### INSTRUCTIONS TO FOLLOW
Below is a listing; restate from it, character for character, the lines beginning at the line holding "25) plastic bottle [1058,839,1090,903]" and ending at the line holding "31) plastic bottle [1040,756,1069,831]", both included.

### DATA TO USE
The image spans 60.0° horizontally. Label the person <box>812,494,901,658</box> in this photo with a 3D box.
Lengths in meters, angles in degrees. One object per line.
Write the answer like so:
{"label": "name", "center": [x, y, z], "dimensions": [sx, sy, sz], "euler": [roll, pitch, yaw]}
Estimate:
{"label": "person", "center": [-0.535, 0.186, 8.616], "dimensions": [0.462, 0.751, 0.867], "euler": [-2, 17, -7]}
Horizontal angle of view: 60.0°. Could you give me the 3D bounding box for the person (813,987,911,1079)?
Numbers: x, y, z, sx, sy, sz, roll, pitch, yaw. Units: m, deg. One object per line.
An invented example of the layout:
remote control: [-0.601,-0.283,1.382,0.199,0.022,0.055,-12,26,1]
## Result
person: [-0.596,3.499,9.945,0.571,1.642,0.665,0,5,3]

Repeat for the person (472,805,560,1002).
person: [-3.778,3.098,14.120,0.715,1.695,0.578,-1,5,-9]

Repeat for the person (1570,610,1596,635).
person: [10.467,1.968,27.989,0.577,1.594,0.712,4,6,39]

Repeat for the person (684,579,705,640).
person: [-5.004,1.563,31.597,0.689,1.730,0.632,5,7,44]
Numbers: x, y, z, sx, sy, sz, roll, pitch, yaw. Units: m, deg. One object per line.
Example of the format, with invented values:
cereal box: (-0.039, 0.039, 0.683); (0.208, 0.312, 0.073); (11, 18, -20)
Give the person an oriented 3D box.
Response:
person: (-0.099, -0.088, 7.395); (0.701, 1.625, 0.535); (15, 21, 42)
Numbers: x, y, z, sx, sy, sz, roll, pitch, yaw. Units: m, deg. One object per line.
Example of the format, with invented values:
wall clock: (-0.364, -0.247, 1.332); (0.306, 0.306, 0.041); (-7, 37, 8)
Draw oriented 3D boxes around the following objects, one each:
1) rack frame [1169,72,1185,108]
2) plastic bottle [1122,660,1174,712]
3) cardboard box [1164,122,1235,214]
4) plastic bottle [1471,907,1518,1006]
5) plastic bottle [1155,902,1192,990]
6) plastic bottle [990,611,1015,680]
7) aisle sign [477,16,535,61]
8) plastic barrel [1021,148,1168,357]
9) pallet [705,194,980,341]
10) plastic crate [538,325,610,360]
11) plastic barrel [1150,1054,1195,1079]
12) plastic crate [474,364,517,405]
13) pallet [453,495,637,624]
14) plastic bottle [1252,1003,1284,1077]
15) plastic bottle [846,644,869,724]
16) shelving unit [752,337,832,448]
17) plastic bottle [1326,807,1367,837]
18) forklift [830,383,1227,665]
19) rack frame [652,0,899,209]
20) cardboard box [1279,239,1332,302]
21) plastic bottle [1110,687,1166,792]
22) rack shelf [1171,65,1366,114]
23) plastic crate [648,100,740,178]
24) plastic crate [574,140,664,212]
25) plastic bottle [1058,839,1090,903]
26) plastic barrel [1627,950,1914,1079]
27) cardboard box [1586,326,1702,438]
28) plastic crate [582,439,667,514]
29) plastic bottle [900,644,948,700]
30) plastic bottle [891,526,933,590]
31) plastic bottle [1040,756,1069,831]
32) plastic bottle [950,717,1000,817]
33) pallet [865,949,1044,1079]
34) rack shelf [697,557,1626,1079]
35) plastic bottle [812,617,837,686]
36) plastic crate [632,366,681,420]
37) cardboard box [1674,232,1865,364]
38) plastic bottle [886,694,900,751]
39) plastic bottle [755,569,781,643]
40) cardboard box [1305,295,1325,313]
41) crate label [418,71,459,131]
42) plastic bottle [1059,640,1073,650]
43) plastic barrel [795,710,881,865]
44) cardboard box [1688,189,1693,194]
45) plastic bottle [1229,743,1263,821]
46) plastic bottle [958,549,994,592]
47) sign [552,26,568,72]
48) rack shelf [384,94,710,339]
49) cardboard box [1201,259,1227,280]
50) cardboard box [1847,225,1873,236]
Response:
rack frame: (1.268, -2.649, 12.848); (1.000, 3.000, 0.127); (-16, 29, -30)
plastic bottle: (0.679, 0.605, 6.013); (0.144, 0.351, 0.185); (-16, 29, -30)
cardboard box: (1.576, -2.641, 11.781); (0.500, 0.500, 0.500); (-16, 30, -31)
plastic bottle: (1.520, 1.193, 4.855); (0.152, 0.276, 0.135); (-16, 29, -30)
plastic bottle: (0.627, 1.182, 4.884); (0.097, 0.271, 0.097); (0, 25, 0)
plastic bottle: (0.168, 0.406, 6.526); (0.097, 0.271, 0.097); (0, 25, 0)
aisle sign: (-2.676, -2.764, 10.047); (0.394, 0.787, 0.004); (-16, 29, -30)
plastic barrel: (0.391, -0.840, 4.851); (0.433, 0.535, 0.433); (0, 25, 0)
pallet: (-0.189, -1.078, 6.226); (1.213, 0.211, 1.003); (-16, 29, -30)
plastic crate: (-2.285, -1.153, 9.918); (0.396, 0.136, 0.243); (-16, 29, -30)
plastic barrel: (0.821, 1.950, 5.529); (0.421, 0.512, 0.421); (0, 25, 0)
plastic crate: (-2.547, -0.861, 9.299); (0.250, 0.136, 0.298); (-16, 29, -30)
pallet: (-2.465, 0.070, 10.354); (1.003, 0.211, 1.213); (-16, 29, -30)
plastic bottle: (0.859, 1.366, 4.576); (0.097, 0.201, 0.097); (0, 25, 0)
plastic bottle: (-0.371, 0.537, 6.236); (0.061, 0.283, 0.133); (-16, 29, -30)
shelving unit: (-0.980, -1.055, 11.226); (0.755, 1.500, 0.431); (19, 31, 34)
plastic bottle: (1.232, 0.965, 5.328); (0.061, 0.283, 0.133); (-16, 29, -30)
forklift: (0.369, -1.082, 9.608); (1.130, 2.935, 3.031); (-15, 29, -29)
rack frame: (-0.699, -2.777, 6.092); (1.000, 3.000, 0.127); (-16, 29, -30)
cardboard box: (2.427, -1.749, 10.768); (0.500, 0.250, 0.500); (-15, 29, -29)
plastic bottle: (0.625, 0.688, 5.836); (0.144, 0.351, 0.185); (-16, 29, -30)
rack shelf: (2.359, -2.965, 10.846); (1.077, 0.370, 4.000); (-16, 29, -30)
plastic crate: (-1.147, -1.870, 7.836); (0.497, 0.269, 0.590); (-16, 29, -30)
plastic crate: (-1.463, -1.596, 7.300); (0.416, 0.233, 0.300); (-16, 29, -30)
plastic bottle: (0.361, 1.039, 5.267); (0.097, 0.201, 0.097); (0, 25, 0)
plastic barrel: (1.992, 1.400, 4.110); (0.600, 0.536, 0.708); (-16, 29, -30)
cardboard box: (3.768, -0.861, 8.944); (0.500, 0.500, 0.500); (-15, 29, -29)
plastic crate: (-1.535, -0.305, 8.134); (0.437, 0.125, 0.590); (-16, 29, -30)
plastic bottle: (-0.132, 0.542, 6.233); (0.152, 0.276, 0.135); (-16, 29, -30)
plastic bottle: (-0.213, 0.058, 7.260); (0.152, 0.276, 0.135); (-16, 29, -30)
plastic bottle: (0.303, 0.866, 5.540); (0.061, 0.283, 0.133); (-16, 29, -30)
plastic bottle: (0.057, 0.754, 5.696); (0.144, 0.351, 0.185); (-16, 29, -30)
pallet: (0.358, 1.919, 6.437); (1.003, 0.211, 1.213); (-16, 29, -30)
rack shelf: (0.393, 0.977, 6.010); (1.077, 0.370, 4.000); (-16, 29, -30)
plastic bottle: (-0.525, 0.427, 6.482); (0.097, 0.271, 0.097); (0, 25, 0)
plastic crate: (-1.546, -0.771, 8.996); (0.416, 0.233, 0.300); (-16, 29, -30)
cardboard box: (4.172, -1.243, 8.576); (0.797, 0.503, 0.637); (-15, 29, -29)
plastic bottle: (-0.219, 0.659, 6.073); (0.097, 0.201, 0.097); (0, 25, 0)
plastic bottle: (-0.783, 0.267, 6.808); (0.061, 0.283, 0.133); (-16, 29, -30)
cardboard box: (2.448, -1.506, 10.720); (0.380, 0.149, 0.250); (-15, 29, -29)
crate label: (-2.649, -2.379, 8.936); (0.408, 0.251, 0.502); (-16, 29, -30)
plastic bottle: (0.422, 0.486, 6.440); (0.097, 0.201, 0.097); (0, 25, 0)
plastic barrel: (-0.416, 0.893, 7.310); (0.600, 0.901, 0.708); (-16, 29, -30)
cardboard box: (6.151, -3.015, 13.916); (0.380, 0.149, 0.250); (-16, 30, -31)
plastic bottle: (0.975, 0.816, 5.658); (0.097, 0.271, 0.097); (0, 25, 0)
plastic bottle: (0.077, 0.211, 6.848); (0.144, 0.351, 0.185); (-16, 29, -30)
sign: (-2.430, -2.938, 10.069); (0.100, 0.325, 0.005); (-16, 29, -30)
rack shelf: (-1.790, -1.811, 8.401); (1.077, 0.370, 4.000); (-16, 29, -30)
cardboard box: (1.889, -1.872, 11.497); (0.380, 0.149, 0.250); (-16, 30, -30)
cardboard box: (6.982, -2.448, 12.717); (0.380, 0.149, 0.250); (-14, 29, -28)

### WORKED SOLUTION
25) plastic bottle [1058,839,1090,903]
26) plastic barrel [1627,950,1914,1079]
27) cardboard box [1586,326,1702,438]
28) plastic crate [582,439,667,514]
29) plastic bottle [900,644,948,700]
30) plastic bottle [891,526,933,590]
31) plastic bottle [1040,756,1069,831]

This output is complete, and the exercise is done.